An infinitely long wire carrying a current of 2 A is bent at a right angle as shown in the Figure. What is the magnetic field a point P, 10 cm from the corner?

To find the magnetic field at a point P, 10 cm from the corner of the wire, we can use the Biot-Savart Law. The law states that the magnetic field at a point due to a current-carrying wire is directly proportional to the current, the length of the wire segment, and inversely proportional to the square of the distance between the point and the wire segment.

Here's how you can apply the Biot-Savart Law to find the magnetic field at point P:

1. Identify the wire segments contributing to the magnetic field at point P. In this case, we have two wire segments, one going straight up and the other going straight to the right.
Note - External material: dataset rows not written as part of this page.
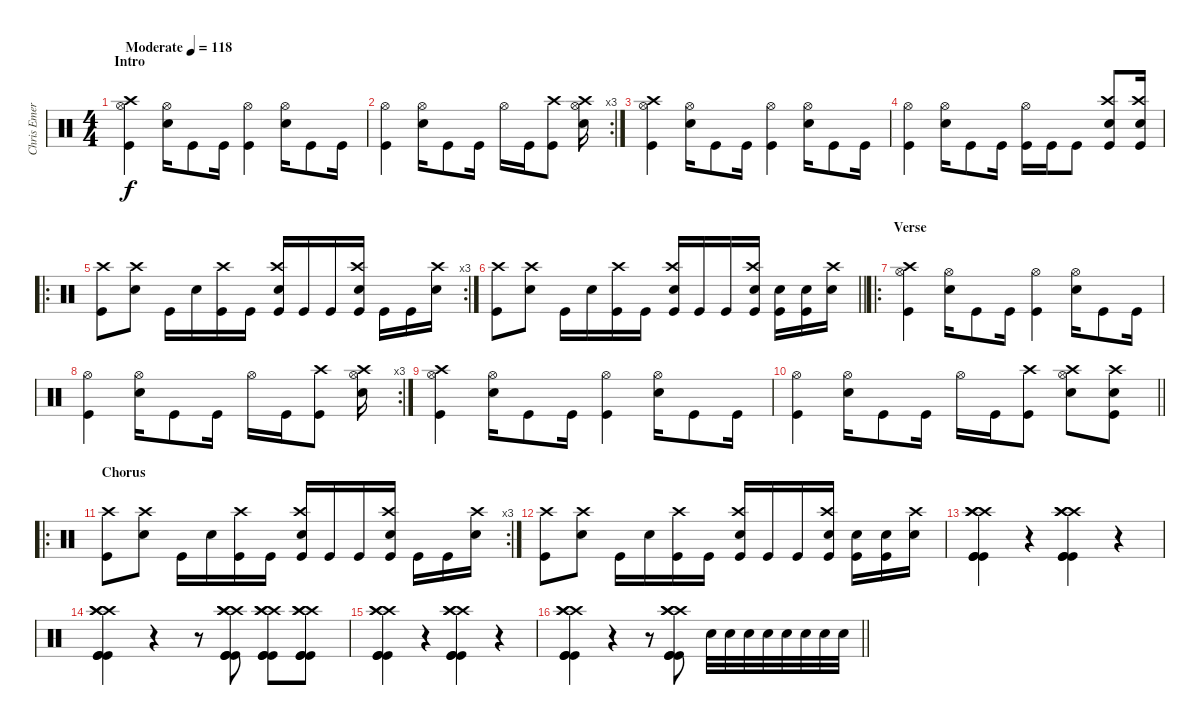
\track ("Chris Emery" "Chris Emer") {instrument percussion}
\staff {score}
\articulation defaults
\ts (4 4)
\section ("" "Intro")
\tempo (118 "Moderate")
\clef neutral
\ks c
("Hi-Hat (open)" "Kick (hit)" "Crash high (hit)").4{dy f} ("Snare (hit) 2" "Hi-Hat (open)").16 "Kick (hit)".8 "Kick (hit)".16 ("Hi-Hat (open)" "Kick (hit)").4 ("Snare (hit) 2" "Hi-Hat (open)").16 "Kick (hit)".8 "Kick (hit)".16 |
\rc 3
("Hi-Hat (open)" "Kick (hit)").4 ("Snare (hit) 2" "Hi-Hat (open)").16 "Kick (hit)".8 "Kick (hit)".16 "Hi-Hat (open)".16 "Kick (hit)".16 ("Kick (hit)" "Crash high (hit)").8 ("Snare (hit) 2" "Hi-Hat (open)" "Crash high (hit)").16 |
("Hi-Hat (open)" "Kick (hit)" "Crash high (hit)").4 ("Snare (hit) 2" "Hi-Hat (open)").16 "Kick (hit)".8 "Kick (hit)".16 ("Hi-Hat (open)" "Kick (hit)").4 ("Snare (hit) 2" "Hi-Hat (open)").16 "Kick (hit)".8 "Kick (hit)".16 |
("Hi-Hat (open)" "Kick (hit)").4 ("Snare (hit) 2" "Hi-Hat (open)").16 "Kick (hit)".8 "Kick (hit)".16 ("Hi-Hat (open)" "Kick (hit)").16 "Kick (hit)".16 "Kick (hit)".8 ("Kick (hit)" "Crash high (hit)" "Snare (hit) 2").8 ("Snare (hit) 2" "Kick (hit)" "Crash high (hit)").16 |
\ro
\rc 3
("Crash high (hit)" "Kick (hit)").8 ("Snare (hit) 2" "Crash high (hit)").8 "Kick (hit)".16 "Snare (hit) 2".16 ("Kick (hit)" "Crash high (hit)").16 "Kick (hit)".16 ("Kick (hit)" "Snare (hit) 2" "Crash high (hit)").16 "Kick (hit)".16 "Kick (hit)".16 ("Kick (hit)" "Snare (hit) 2" "Crash high (hit)").16 "Kick (hit)".16 "Kick (hit)".16 ("Snare (hit) 2" "Crash high (hit)").16 |
\barLineRight lightlight
("Crash high (hit)" "Kick (hit)").8 ("Snare (hit) 2" "Crash high (hit)").8 "Kick (hit)".16 "Snare (hit) 2".16 ("Kick (hit)" "Crash high (hit)").16 "Kick (hit)".16 ("Kick (hit)" "Snare (hit) 2" "Crash high (hit)").16 "Kick (hit)".16 "Kick (hit)".16 ("Kick (hit)" "Snare (hit) 2" "Crash high (hit)").16 ("Kick (hit)" "Snare (hit) 2").16 ("Kick (hit)" "Snare (hit) 2").16 ("Snare (hit) 2" "Crash high (hit)").16 |
\ro
\section ("" "Verse")
("Hi-Hat (open)" "Kick (hit)" "Crash high (hit)").4 ("Snare (hit) 2" "Hi-Hat (open)").16 "Kick (hit)".8 "Kick (hit)".16 ("Hi-Hat (open)" "Kick (hit)").4 ("Snare (hit) 2" "Hi-Hat (open)").16 "Kick (hit)".8 "Kick (hit)".16 |
\rc 3
("Hi-Hat (open)" "Kick (hit)").4 ("Snare (hit) 2" "Hi-Hat (open)").16 "Kick (hit)".8 "Kick (hit)".16 "Hi-Hat (open)".16 "Kick (hit)".16 ("Kick (hit)" "Crash high (hit)").8 ("Snare (hit) 2" "Hi-Hat (open)" "Crash high (hit)").16 |
("Hi-Hat (open)" "Kick (hit)" "Crash high (hit)").4 ("Snare (hit) 2" "Hi-Hat (open)").16 "Kick (hit)".8 "Kick (hit)".16 ("Hi-Hat (open)" "Kick (hit)").4 ("Snare (hit) 2" "Hi-Hat (open)").16 "Kick (hit)".8 "Kick (hit)".16 |
\barLineRight lightlight
("Hi-Hat (open)" "Kick (hit)").4 ("Snare (hit) 2" "Hi-Hat (open)").16 "Kick (hit)".8 "Kick (hit)".16 "Hi-Hat (open)".16 "Kick (hit)".16 ("Kick (hit)" "Crash high (hit)").8 ("Hi-Hat (open)" "Crash high (hit)" "Snare (hit) 2").8 ("Crash high (hit)" "Snare (hit) 2" "Kick (hit)").8 |
\ro
\rc 3
\section ("" "Chorus")
("Crash high (hit)" "Kick (hit)").8 ("Snare (hit) 2" "Crash high (hit)").8 "Kick (hit)".16 "Snare (hit) 2".16 ("Kick (hit)" "Crash high (hit)").16 "Kick (hit)".16 ("Kick (hit)" "Snare (hit) 2" "Crash high (hit)").16 "Kick (hit)".16 "Kick (hit)".16 ("Kick (hit)" "Snare (hit) 2" "Crash high (hit)").16 "Kick (hit)".16 "Kick (hit)".16 ("Snare (hit) 2" "Crash high (hit)").16 |
("Crash high (hit)" "Kick (hit)").8 ("Snare (hit) 2" "Crash high (hit)").8 "Kick (hit)".16 "Snare (hit) 2".16 ("Kick (hit)" "Crash high (hit)").16 "Kick (hit)".16 ("Kick (hit)" "Snare (hit) 2" "Crash high (hit)").16 "Kick (hit)".16 "Kick (hit)".16 ("Kick (hit)" "Snare (hit) 2" "Crash high (hit)").16 ("Kick (hit)" "Snare (hit) 2").16 ("Kick (hit)" "Snare (hit) 2").16 ("Snare (hit) 2" "Crash high (hit)").16 |
("Kick (hit)" "Kick (hit)" "Kick (hit)" "Crash high (hit)" "Crash high (hit)" "Crash high (hit)").4 r.4 ("Kick (hit)" "Kick (hit)" "Kick (hit)" "Crash high (hit)" "Crash high (hit)" "Crash high (hit)").4 r.4 |
("Kick (hit)" "Kick (hit)" "Kick (hit)" "Crash high (hit)" "Crash high (hit)" "Crash high (hit)").4 r.4 r.8 ("Kick (hit)" "Kick (hit)" "Kick (hit)" "Crash high (hit)" "Crash high (hit)" "Crash high (hit)").8 ("Kick (hit)" "Kick (hit)" "Kick (hit)" "Crash high (hit)" "Crash high (hit)" "Crash high (hit)").8 ("Kick (hit)" "Kick (hit)" "Kick (hit)" "Crash high (hit)" "Crash high (hit)" "Crash high (hit)").8 |
("Kick (hit)" "Kick (hit)" "Kick (hit)" "Crash high (hit)" "Crash high (hit)" "Crash high (hit)").4 r.4 ("Kick (hit)" "Kick (hit)" "Kick (hit)" "Crash high (hit)" "Crash high (hit)" "Crash high (hit)").4 r.4 |
\barLineRight lightlight
("Kick (hit)" "Kick (hit)" "Kick (hit)" "Crash high (hit)" "Crash high (hit)" "Crash high (hit)").4 r.4 r.8 ("Kick (hit)" "Kick (hit)" "Kick (hit)" "Crash high (hit)" "Crash high (hit)" "Crash high (hit)").8 "Snare (hit) 2".32 "Snare (hit) 2".32 "Snare (hit) 2".32 "Snare (hit) 2".32 "Snare (hit) 2".32 "Snare (hit) 2".32 "Snare (hit) 2".32 "Snare (hit) 2".32

2. Calculate the magnetic field contribution from each segment separately using the Biot-Savart Law. The magnetic field at point P due to each wire segment is given by the formula:

dB = (μ₀ / 4π) * (I * dl × r) / r²

Where:
- dB is the magnetic field contribution at point P
- μ₀ is the permeability of free space (approximately 4π × 10⁻⁷ T*m/A)
- I is the current in the wire (2 A)
- dl is a small length element of the wire segment
- r is the distance vector from the dl element to point P

3. Calculate the magnetic field contribution from each wire segment separately, and add them vectorially to obtain the total magnetic field at point P.

B_total = B₁ + B₂

Where:
- B_total is the total magnetic field at point P
- B₁ is the magnetic field contribution at point P due to the first wire segment
- B₂ is the magnetic field contribution at point P due to the second wire segment

Note: The direction of the magnetic field is perpendicular to both the wire segment and the vector r, and follows the right-hand rule.

By following these steps and performing the necessary calculations, you can find the magnetic field at point P, 10 cm from the corner of the wire.